Todo estaba cambiando a marchas forzadas, no solo el país, sino también nuestra querida Almería que a comienzos de los ochenta crecía de esa manera desordenada y algo caótica que formaba parte de su esencia.
Cuando ya nos habíamos acostumbrado a la democracia, como si jamás hubiéramos conocido otra forma de gobierno, cuando ya no nos escandalizábamos cuando veíamos los kioscos llenos de revistas con mujeres desnudas, ni nos poníamos a temblar cuando al vecino le robaban el reloj a punta de navaja en medio de la calle, llegó la revolución de la ley del divorcio, que entró como un huracán por las ventanas de muchos hogares para poner patas arriba la vida aparentemente normal de muchas familias.
El divorcio acabó con aquella otra ley de la que nos hablaban los curas que decía que el amor era eterno. Nos habían contado desde que éramos niños que el amor era para toda la vida, pero era la propia vida la que nos iba enseñando la verdadera lección, la que aprendíamos cuando veíamos a tantos matrimonios tan erosionados por el tiempo que solo se aguantaban por temor a lo que pudiera pasar con sus hijos.

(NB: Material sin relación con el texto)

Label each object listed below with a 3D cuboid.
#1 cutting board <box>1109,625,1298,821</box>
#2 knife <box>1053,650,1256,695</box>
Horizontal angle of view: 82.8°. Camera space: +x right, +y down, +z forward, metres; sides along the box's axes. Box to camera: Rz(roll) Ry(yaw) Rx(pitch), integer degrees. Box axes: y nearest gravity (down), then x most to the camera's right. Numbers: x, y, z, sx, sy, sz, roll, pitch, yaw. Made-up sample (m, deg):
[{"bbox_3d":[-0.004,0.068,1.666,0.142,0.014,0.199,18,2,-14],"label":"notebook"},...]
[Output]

Recuerdo, como si hubiera ocurrido ayer, que la ley del divorcio de 1981 trajo un nuevo tema de conversación a las tertulias de mujeres que cada mañana se organizaban de forma espontánea en la tienda de mis padres. Parecía como si todas quisieran divorciarse y entre bromas imaginaban cómo sería su nueva vida sin el marido y la ilusión de poder recuperar la juventud perdida. Medio en broma y medio en serio, hablaban del divorcio como una liberación que tal vez llegaba tarde para muchas de ellas.
Recuerdo que en los primeros tiempos hablar de una mujer divorciada llevaba implícita una carga de crítica importante. Una mujer divorciada quedaba señalada y se solía escuchar con frecuencia la expresión “esa está divorciada”, con cierto tono despectivo, mientras que el divorciado estaba mejor visto.

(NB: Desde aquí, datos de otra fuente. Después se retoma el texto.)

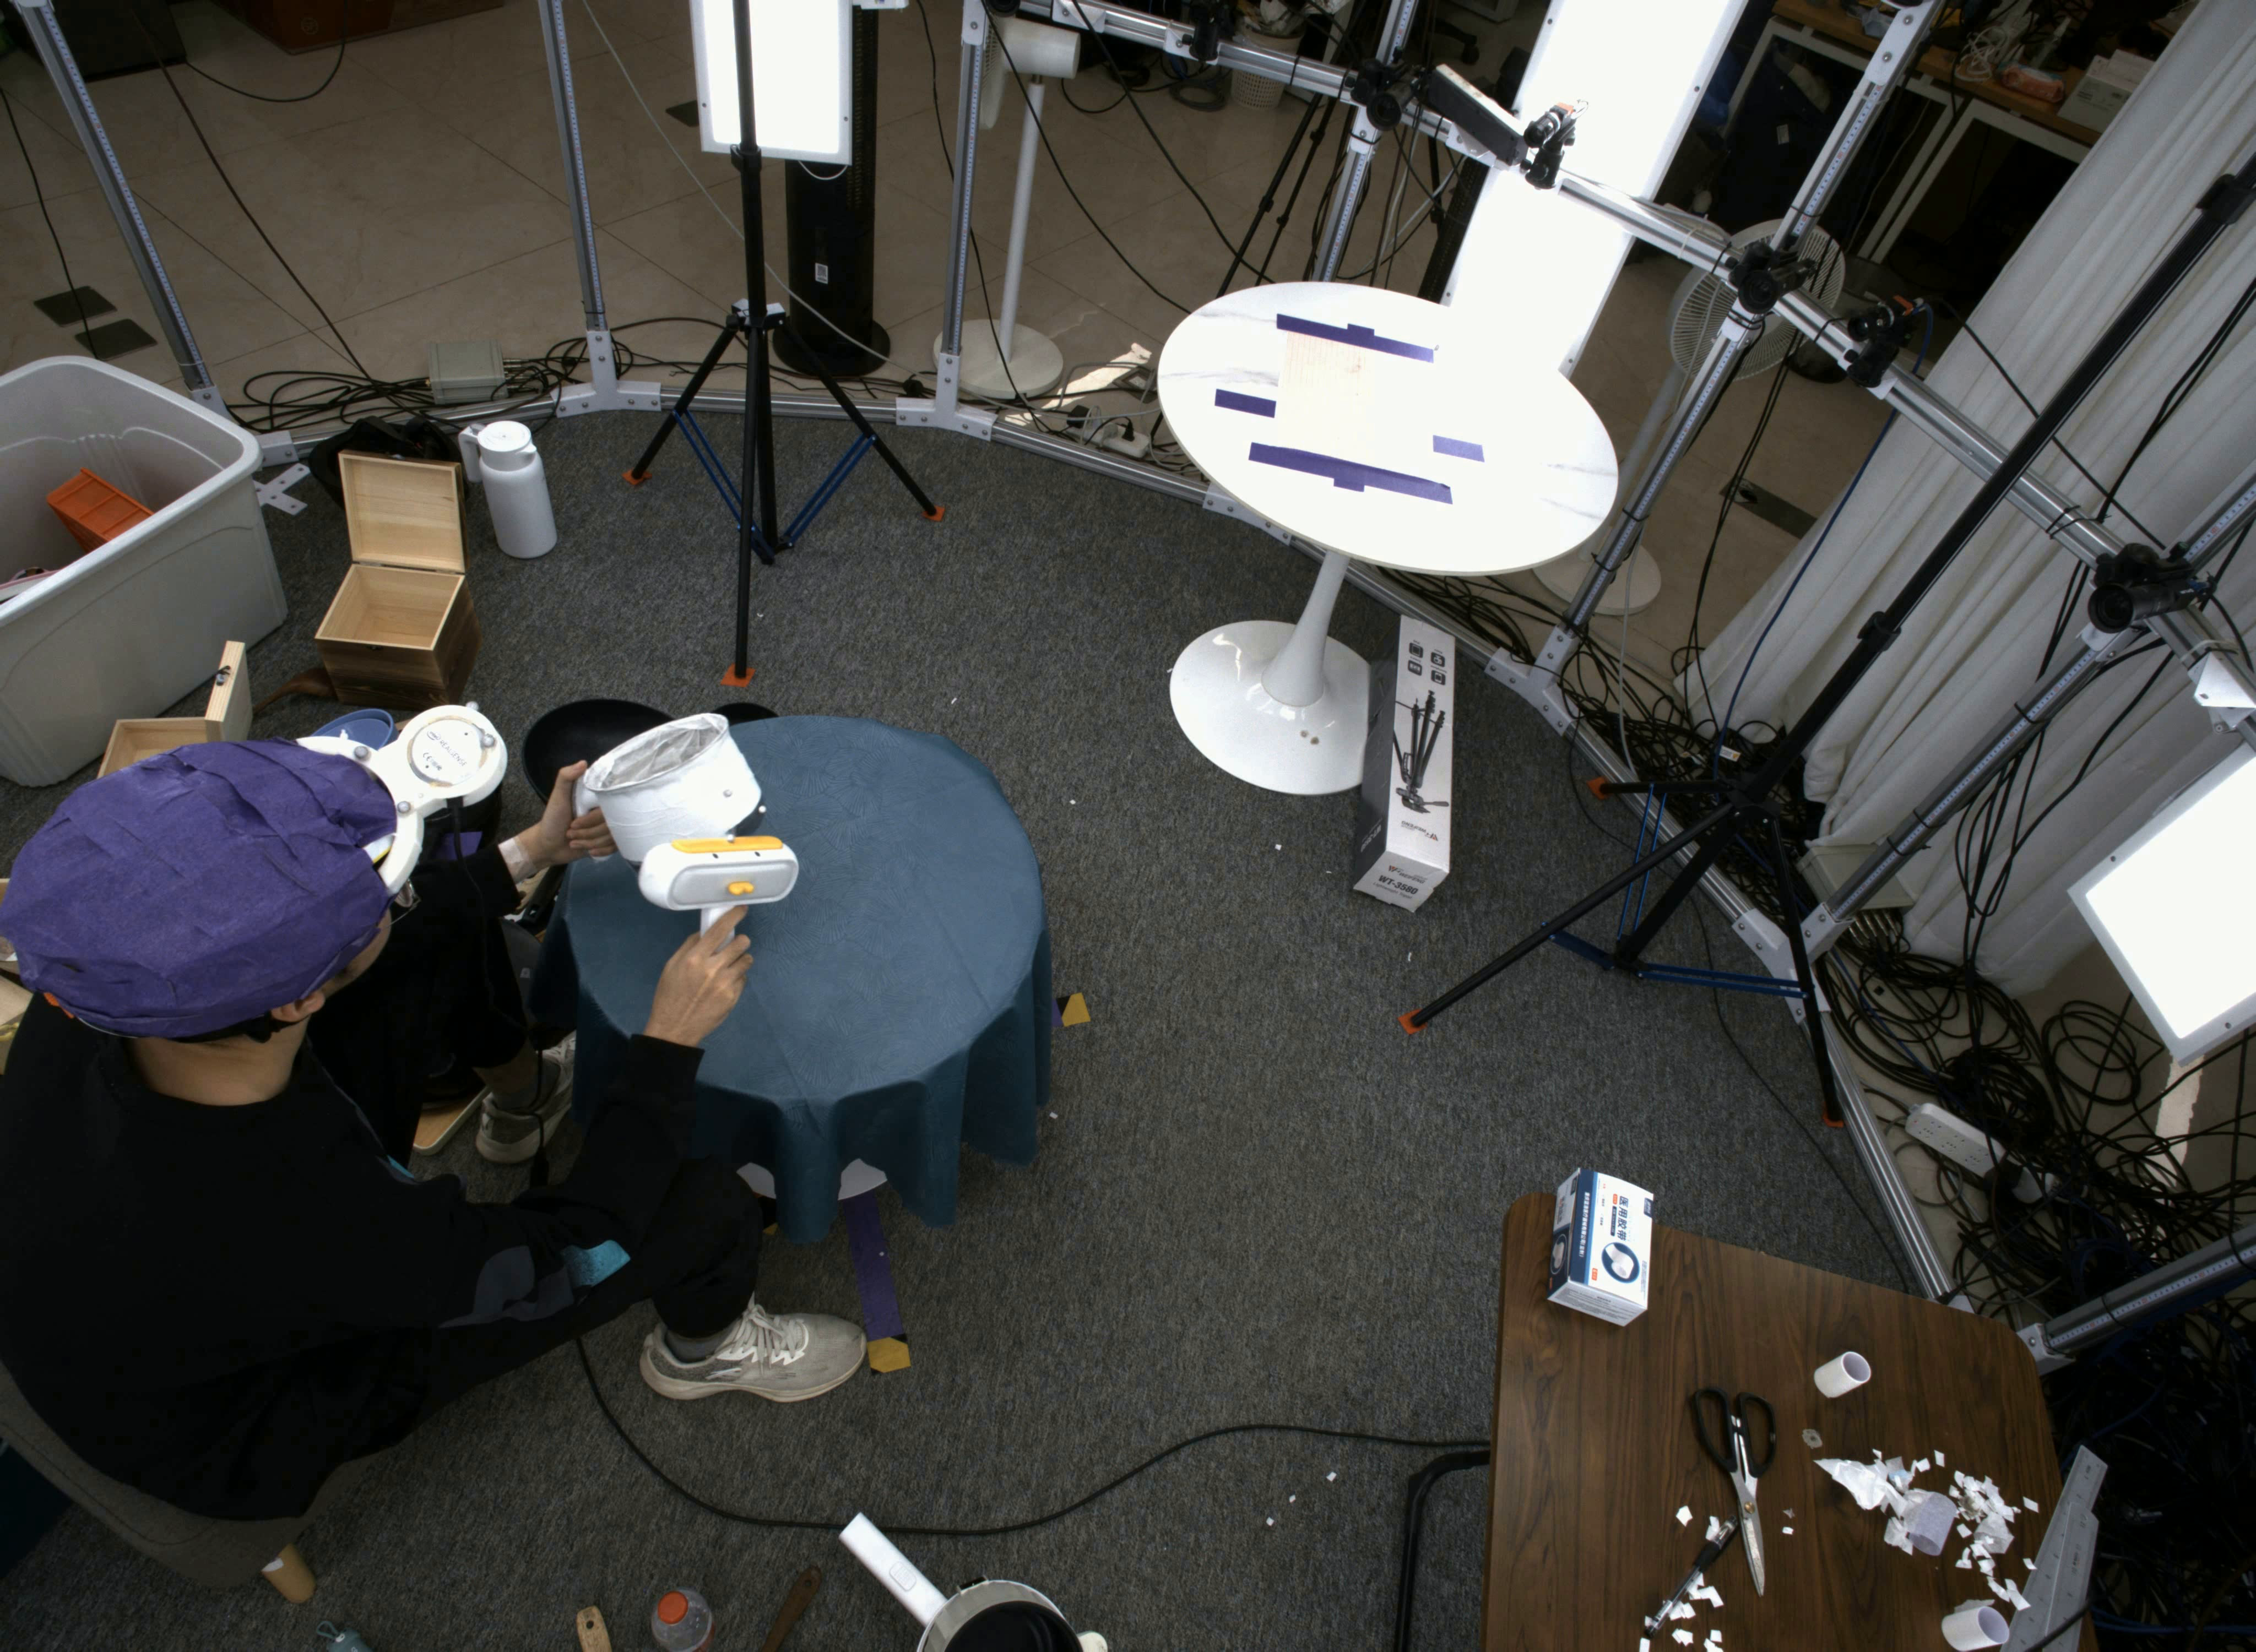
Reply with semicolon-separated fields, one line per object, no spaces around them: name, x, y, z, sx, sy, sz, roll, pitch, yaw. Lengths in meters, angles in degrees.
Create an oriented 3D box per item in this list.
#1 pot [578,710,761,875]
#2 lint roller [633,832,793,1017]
pot;-0.556;-0.033;1.511;0.229;0.141;0.175;-12;27;10
lint roller;-0.448;0.107;1.400;0.072;0.196;0.195;19;16;25

En aquel año de 1981 los almerienses hablaban del divorcio, mientras muchos soñaban con tener uno de aquellos Seat 127 que se pusieron de moda por 400.000 pesetas. Tener un coche era ya una obligación cuando pasabas de los 18 años, aunque las calles de la ciudad no estuvieran preparadas para tanto tránsito de vehículos. Cada vez nos agobiaba más la circulación, casi tanto como la delincuencia que azotaba con dureza por las calles. La prensa de aquellos meses se hacía eco de la situación crítica que se vivía en la Alcazaba, nuestro principal monumento, cuyos alrededores habían sido tomados por las delincuencia y por los drogadictos, que se habían apropiado de las ruinas del Mesón Gitano.

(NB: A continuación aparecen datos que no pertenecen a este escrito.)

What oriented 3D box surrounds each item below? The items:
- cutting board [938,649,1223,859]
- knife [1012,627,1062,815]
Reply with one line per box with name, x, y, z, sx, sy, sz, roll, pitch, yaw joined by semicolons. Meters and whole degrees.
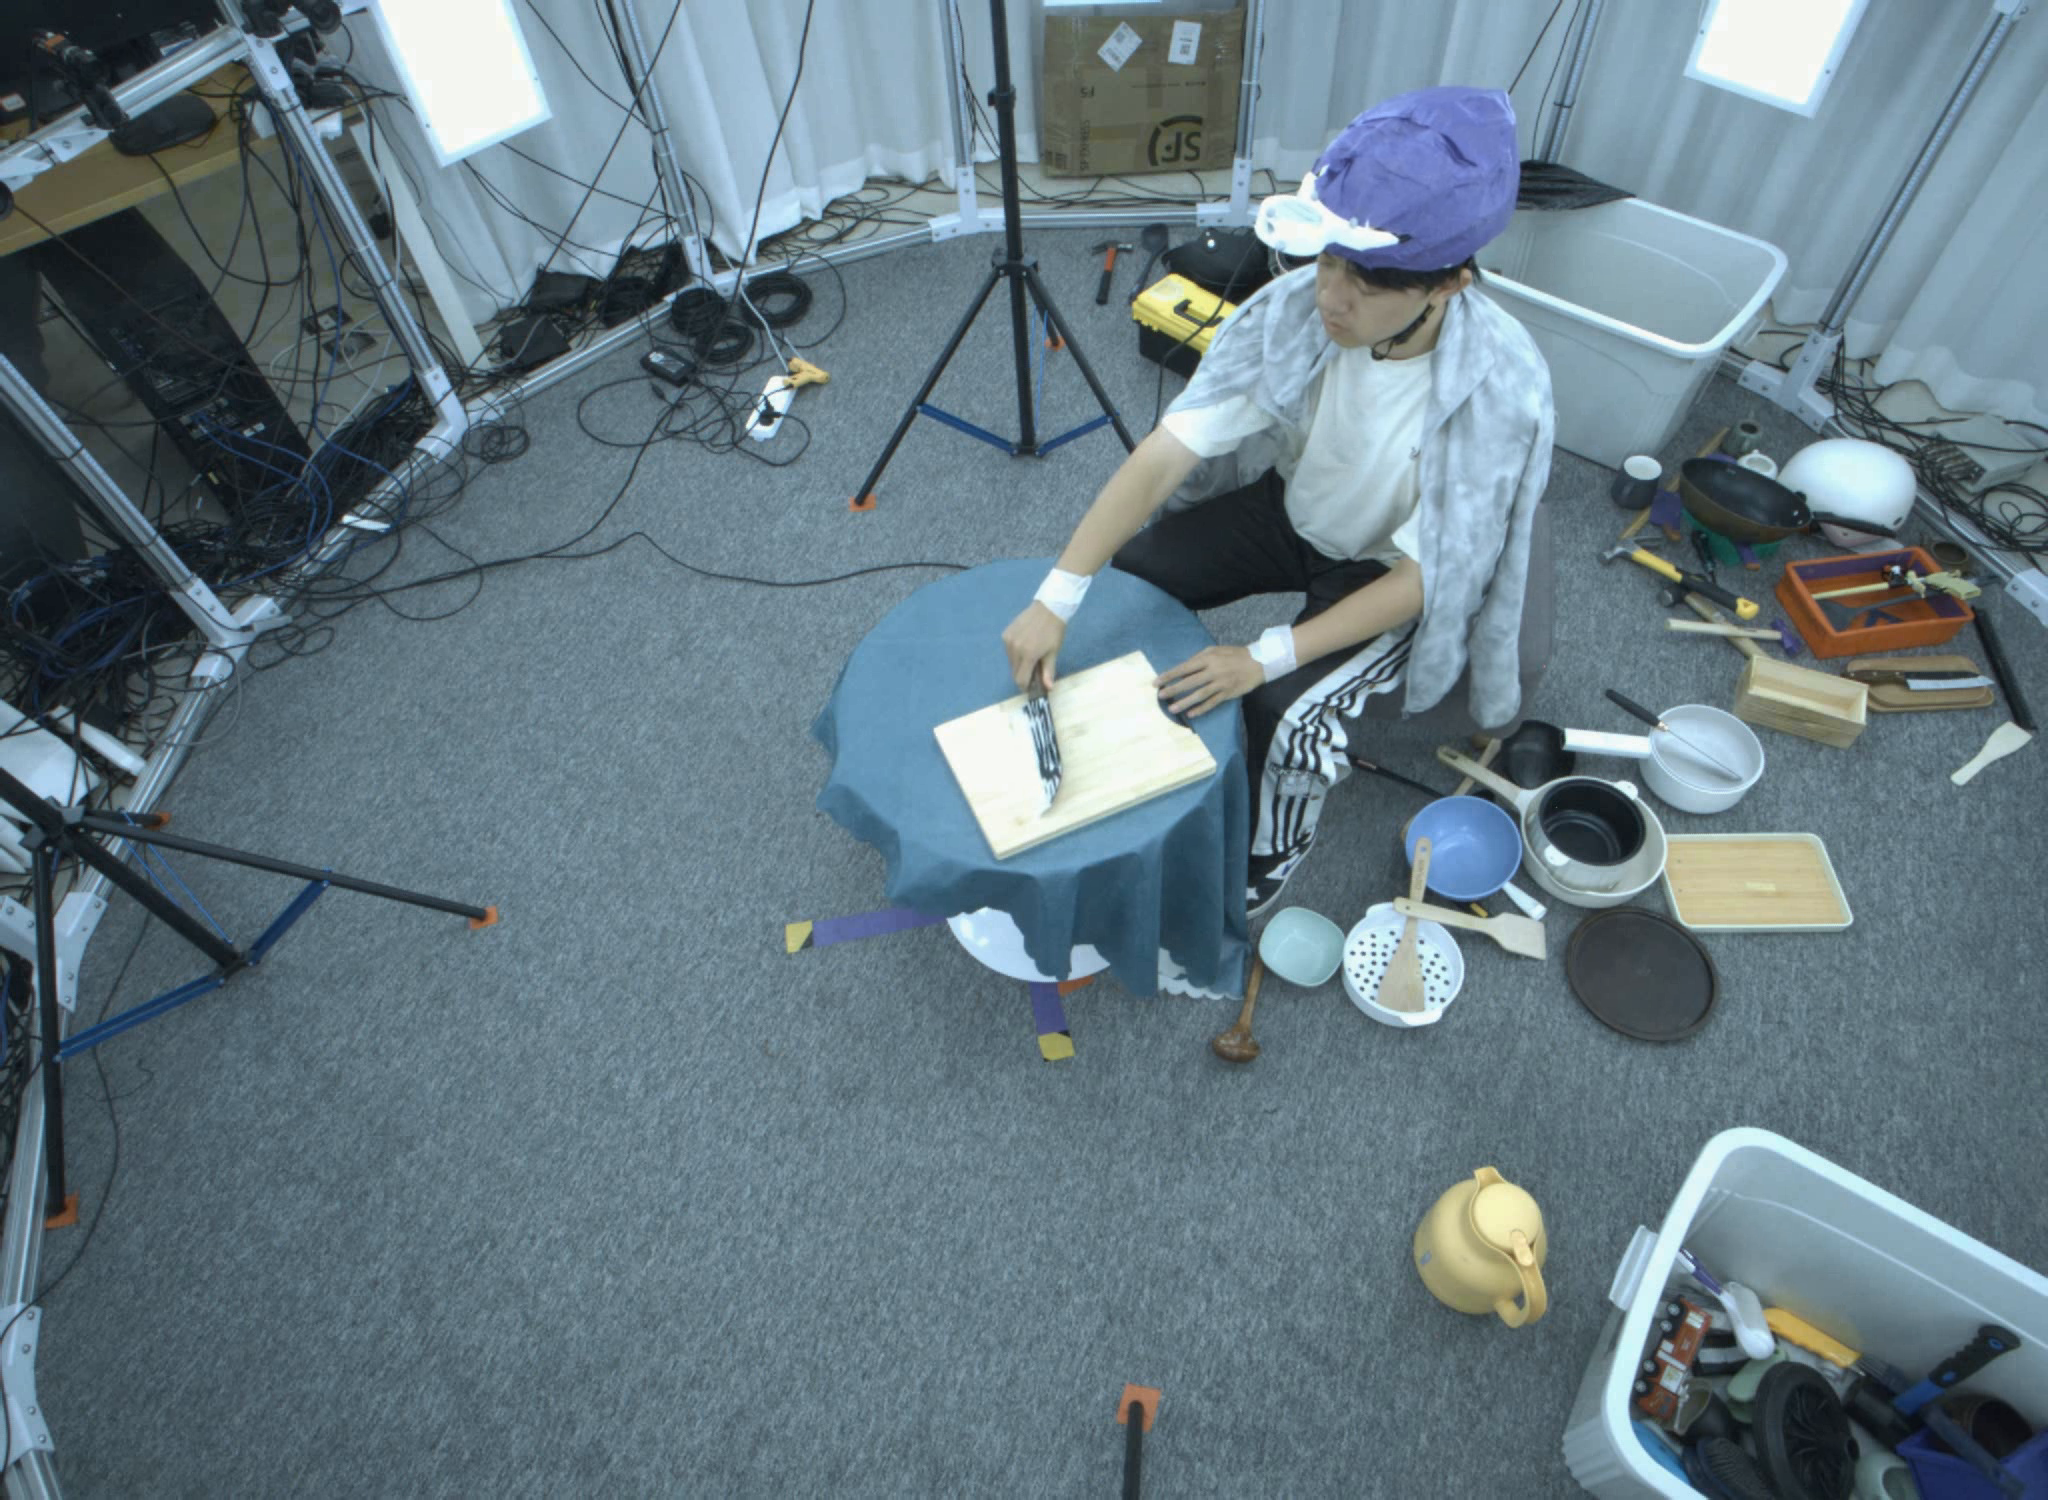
cutting board;0.075;-0.002;1.779;0.351;0.024;0.246;-22;57;-13
knife;0.012;-0.045;1.763;0.067;0.024;0.296;-28;56;29

Los delitos fueron una constante y se convirtieron en una realidad cotidiana. Mayo, el mes en el que el Gobierno debatía la ley del divorcio, fue trágico en Almería, con tres apuñalamientos mortales en una semana, los sucesos del Caso Almería, donde murieron tres jóvenes a los que la guardia civil confundió con terroristas de ETA, y el fallecimiento, en una reyerta, del boxeador Juan Torres Salmerón, acuchillado en la puerta de la bodeguilla de Los Molinos.
Para luchar contra este tipo de delincuencia, se creó la unidad del 091 de la Policía Nacional, con cuatro vehículos, conocidos como ‘Lecheras’, preparados para desplazarse con rapidez al lugar del delito. Eran tiempos convulsos, de continua agitación política y social. Los 64 trabajadores de Talleres Cabezuelo, empresa dedicada a la fabricación de piezas de motores, fueron despedidos, y el Ayuntamiento se echaba en contra a los comerciantes de la plaza ordenando el desmantelamiento de las barracas exteriores del Mercado Central.
La huelga de profesores de Bachillerato y la posterior de estudiantes, redujeron considerablemente el calendario escolar del curso. Los jóvenes almerienses del 81 seguían marchándose fuera a estudiar las carreras que no se podían iniciar en el modesto Colegio Universitario de Almería que por entonces trataba de integrarse en la Universidad de Granada. Aquellos con más visión de futuro empezaron a instruirse en el manejo de los primeros ordenadores que llegaron a la ciudad de la mano de Alfredo Ruiz y Fernando Trigueros, que pusieron en funcionamiento la primera escuela de informática.
1981 fue el año de la ley del divorcio, del intento de golpe de Estado de Tejero, de esa nueva ciudad que nació en los solares de Oliveros y de un nuevo invento que iba a erosionar seriamente los cimientos de las salas de cine, el vídeo.